舒遙看他樣子, 已猜得到衛珩後面想說些什麽。

大抵又是“我不想你為難之類的。”

他入了無情道,連言語也能省則省,不必要的話一概不提,自是不想和衛珩僵持下去。

舒遙幹脆自己去親了衛珩。

還好。

舒遙想,沒什麽旁的感覺,暖融融的,比起在深淵被衛珩抱住時透不過氣來的感受,已經好上太多。

看來自己的猜測沒錯。

自己和衛珩之間, 前世今生,冥冥之中自有一線牽。

他兩世因果輪轉, 獨獨剩下衛珩的這一根未曾還清。

如一縷微弱牽絆, 拽住了自己在無情道上的腳步。

興許那一縷牽絆微弱如游絲, 卻是的的確確真確存在的。

自己所該做的,是將那一縷牽絆無限加深。

深到能夠徹底攔住自己入無情道的腳步。

舒遙突發奇想。

他說道:“親也親過了,不如阿珩你睡一下我?”

“別鬧!”

衛珩低斥道。

相同的兩個字, 這一回他出口得更快,聲音也更僵硬,更滯澀。

舒遙不是很喜歡衛珩說話的聲調。

日月照璧天下第一,道尊原該是在雲端不染塵埃,高華徹骨的。

無論如何不應左右為難,舉步維艱。

舒遙不知道心疼是何等感受。

但他確實不想見到衛珩這般。

他轉開話題, 強詞奪理:“阿珩你是因為我入了無情道, 便不把我當道侶了嗎?”

衛珩:“你不必為難的。
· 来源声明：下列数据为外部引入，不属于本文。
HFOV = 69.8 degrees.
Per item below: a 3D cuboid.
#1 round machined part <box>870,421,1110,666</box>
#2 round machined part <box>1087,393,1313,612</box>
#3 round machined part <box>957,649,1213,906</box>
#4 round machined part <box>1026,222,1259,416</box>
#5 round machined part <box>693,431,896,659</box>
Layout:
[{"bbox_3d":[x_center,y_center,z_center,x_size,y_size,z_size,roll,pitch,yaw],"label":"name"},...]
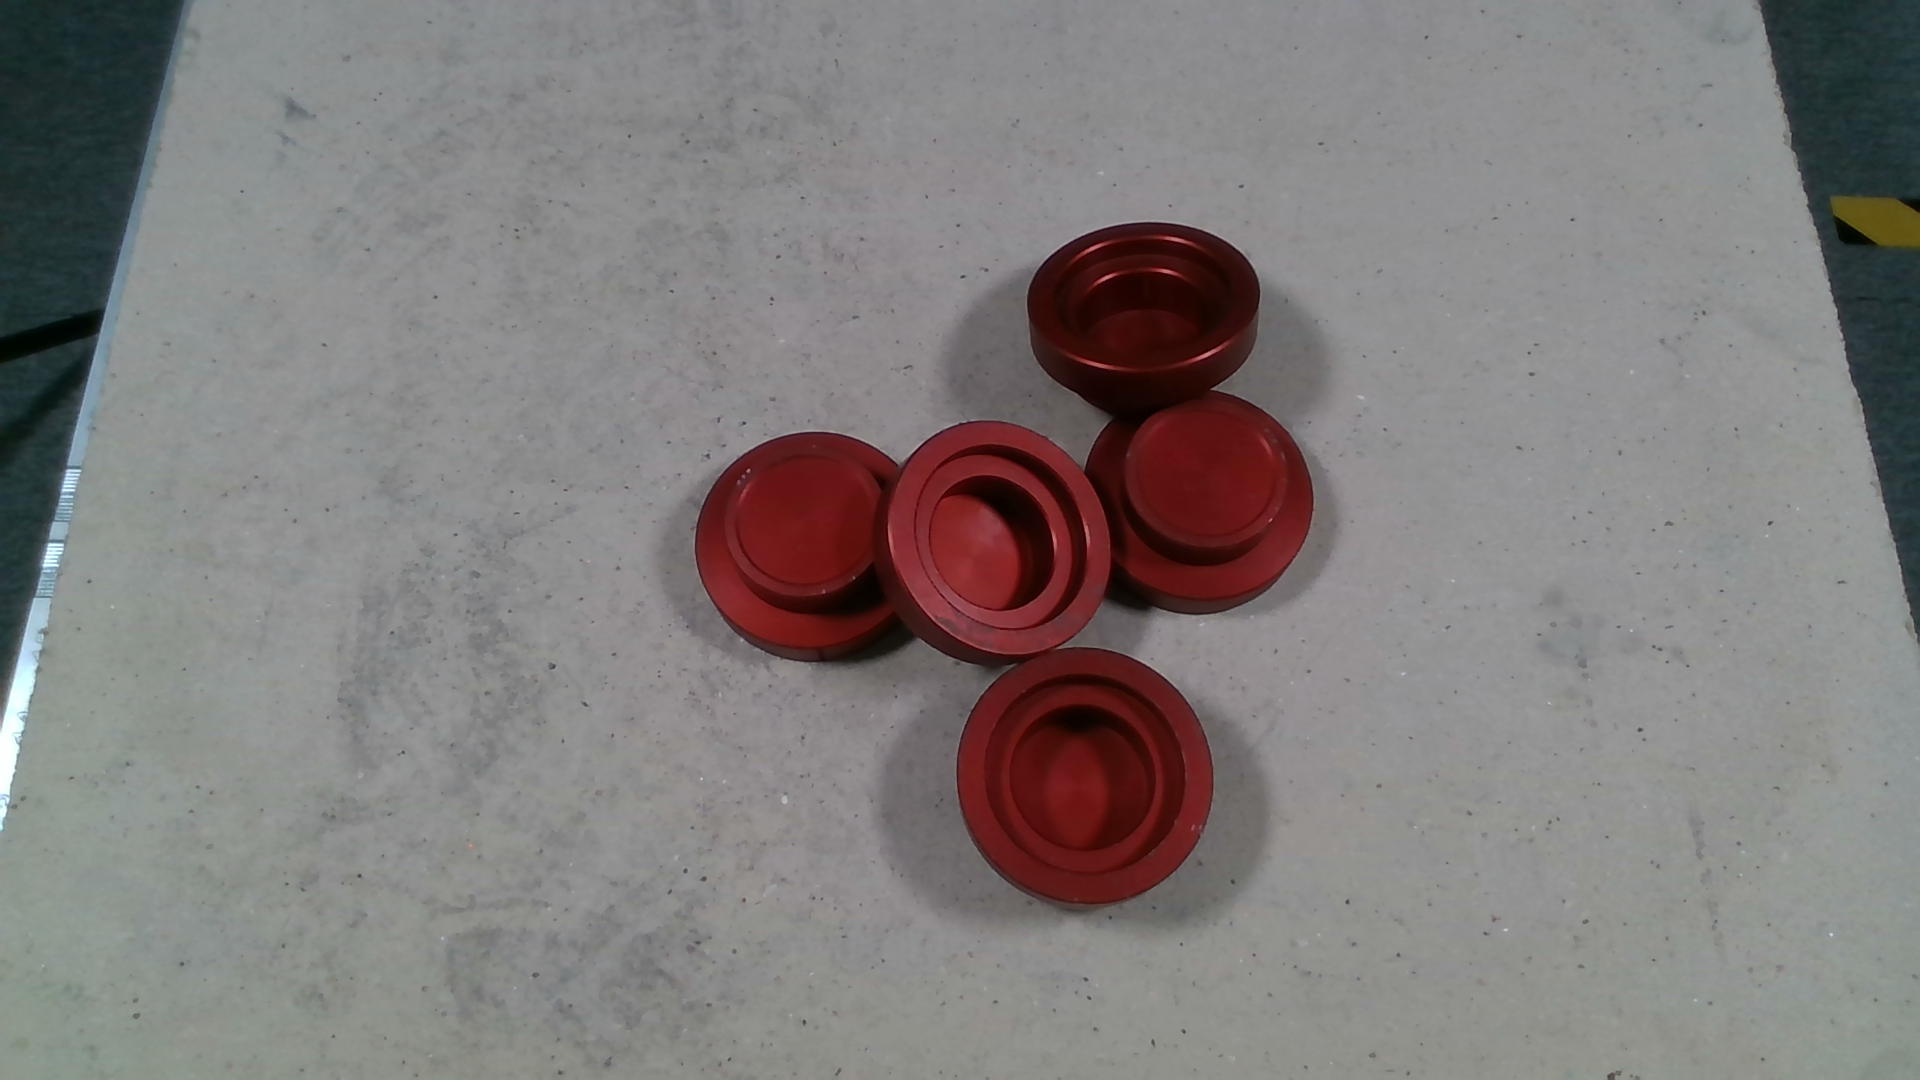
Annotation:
[{"bbox_3d":[0.009,0.004,0.566,0.098,0.042,0.098,7,71,-22],"label":"round machined part"},{"bbox_3d":[0.102,-0.021,0.586,0.098,0.042,0.098,0,70,0],"label":"round machined part"},{"bbox_3d":[0.048,0.096,0.545,0.098,0.042,0.098,0,70,0],"label":"round machined part"},{"bbox_3d":[0.080,-0.092,0.601,0.098,0.042,0.098,-4,49,5],"label":"round machined part"},{"bbox_3d":[-0.063,-0.002,0.579,0.098,0.042,0.098,0,70,0],"label":"round machined part"}]

”

更不必做到如此地步。

“我不為難。”

舒遙說:“我應負起對你的責任,更想看著你高興, 所以我不曾為難過。”

“入無情道非我所願,雖說於我而言,無情有情似乎差別不大,與阿珩你來說卻是大不相同。於是我也正嘗試尋找著恢覆如常的方法。”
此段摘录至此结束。